La vida es demasiado corta para beber café malo. Con esa contundencia lo dijo un especialista en la materia, cuando fue a la cabina de radio. En su carácter de maestro tostador llevaba émbolo, molino portátil, termo, café en grano y algún otro utensilio para producir al aire una bebida decente. Luego de un proceso por demás sencillo sirvió el producto en una taza y remató con la frase: “¡así sabe un buen café!”.
Es por demás llamativa la enorme afición que se ha generado alrededor de la segunda bebida con más adeptos en el planeta, después del agua. De unos treinta años a la fecha la ingesta de café se ha visto acrecentada y con ello su consumo cultural. Desde expendios multinacionales hasta barras de especialidad, de turismo alusivo a máquinas domésticas, la dichosa beberecua se ha instalado indefectiblemente en la vida diaria.
Allá por mediados de los 90 ir a un café implicaba codearse con los sabios de la tribu, los veteranos que a punta de periódico y cigarrillos poblaban los contados sitios para dar un sorbo a la taza. No estaban de moda el latte o el macchiato y la chaviza brillaba por su ausencia. Y eran contados los imberbes que, ya fuera por ser almas viejas o ir en busca de un nuevo target pasional, se apersonaban en aquellos sitios.
Pero los tiempos cambiaron. La oferta y la demanda se han disparado y hay para todos los gustos, bolsillos, paladares y resistencias estomacales. El mercado ofrece alternativas que lo mismo potencian el sabor que disfrazan las artimañas. Y la inercia social ha llenado las mesas con gente de todas las edades. Esto ha traído consigo muchos y muy diversos conceptos, para bien y para no tanto.
Canta Serrat en La aristocracia del barrio que cada quien muere a su modo. Aun así, tengo mis reservas sobre los asiduos a cafetines cuya reputación se basa en experiencias. Esos que agregan el nombre del cliente en el vaso y retacan de crema batida, jarabes, leches extravagantes y demás artilugios sus bebidas.
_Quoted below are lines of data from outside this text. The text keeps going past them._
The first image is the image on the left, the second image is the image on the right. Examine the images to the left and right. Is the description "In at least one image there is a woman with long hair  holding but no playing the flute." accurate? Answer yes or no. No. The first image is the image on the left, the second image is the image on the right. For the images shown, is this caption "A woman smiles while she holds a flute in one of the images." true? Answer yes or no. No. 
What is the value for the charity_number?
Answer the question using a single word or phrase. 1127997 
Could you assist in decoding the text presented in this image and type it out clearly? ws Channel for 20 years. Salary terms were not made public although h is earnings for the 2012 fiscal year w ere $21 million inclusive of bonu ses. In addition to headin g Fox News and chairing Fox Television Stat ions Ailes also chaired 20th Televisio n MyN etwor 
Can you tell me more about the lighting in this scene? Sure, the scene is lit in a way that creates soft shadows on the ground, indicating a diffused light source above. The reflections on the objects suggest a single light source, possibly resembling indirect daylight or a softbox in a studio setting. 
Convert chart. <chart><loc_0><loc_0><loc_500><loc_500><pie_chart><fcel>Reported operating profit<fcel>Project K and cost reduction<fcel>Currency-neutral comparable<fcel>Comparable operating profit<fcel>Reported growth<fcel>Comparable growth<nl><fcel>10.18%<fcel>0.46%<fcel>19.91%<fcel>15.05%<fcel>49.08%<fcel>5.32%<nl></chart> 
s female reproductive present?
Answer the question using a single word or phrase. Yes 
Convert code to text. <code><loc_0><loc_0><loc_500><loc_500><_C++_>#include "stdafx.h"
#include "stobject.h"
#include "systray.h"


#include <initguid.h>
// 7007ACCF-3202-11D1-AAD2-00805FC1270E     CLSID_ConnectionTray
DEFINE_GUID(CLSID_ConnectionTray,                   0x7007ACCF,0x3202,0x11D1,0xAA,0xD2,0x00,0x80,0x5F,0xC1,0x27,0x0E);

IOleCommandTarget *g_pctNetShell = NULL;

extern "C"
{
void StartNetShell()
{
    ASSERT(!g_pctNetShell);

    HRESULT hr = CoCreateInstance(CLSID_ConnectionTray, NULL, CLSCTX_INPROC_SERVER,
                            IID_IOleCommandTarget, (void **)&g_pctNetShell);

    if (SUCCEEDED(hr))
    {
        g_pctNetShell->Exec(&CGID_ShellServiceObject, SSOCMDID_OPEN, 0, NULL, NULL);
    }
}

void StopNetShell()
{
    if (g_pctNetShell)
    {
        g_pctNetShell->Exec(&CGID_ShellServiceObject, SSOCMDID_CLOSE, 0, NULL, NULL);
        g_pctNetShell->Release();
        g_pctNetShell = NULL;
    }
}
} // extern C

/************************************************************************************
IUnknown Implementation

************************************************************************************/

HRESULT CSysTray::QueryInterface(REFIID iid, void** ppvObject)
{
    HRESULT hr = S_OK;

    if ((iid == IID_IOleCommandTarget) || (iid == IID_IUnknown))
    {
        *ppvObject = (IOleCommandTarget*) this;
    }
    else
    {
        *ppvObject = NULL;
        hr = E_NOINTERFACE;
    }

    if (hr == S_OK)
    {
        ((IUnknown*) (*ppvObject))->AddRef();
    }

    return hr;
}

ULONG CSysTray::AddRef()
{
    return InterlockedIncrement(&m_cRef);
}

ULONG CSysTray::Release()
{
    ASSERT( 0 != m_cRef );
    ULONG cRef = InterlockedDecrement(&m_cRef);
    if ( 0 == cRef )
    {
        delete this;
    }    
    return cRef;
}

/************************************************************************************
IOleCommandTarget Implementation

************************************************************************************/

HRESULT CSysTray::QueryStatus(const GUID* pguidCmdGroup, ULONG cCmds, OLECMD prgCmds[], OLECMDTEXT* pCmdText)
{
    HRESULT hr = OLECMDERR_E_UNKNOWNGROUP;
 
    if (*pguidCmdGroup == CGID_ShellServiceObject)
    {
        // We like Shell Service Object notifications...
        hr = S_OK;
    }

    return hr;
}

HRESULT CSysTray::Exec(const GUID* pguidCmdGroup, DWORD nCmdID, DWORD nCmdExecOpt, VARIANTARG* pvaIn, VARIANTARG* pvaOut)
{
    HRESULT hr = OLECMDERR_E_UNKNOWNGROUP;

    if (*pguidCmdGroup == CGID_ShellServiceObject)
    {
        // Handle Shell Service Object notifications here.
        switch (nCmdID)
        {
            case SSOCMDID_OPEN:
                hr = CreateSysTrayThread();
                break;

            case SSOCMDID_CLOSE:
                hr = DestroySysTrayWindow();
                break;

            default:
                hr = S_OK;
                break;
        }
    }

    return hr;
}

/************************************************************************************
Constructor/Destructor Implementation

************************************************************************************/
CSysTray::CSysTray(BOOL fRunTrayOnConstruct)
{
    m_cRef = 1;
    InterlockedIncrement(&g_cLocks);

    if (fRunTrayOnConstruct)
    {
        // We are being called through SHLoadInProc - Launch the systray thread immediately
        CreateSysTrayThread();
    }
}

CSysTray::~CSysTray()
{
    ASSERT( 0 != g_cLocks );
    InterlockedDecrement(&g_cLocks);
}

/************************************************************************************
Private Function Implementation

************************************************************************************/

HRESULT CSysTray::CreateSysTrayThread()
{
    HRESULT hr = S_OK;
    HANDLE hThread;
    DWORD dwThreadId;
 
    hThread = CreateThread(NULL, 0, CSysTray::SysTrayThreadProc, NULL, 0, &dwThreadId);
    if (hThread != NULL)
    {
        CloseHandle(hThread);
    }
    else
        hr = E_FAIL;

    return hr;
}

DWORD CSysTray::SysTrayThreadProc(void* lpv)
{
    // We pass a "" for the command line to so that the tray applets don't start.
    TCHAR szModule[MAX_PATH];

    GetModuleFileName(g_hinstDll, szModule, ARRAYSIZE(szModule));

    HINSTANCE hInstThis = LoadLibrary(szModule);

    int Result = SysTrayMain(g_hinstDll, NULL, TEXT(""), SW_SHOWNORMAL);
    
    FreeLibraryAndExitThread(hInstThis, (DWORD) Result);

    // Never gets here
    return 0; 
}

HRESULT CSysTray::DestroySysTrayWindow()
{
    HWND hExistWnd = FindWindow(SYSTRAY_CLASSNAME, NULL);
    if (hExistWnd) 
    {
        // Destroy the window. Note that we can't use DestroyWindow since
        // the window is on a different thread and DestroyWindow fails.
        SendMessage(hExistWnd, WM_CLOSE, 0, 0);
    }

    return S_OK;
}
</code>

Y que cifran el costo de su producto en temas aspiracionales, más que en la calidad de lo que ofrecen.
Dicen mis amigochos sommelieres que el mejor vino es el que a uno le gusta. Tal consideración se podría aplicar a casi todo, incluido el café. Y aunque es verdad que la existencia es demasiado corta, no deja de ser curioso que sus mejores tragos suelan ser amargos. Ardientes, espumosos, expresos. Triples, de preferencia. Y sin cortar, desde luego.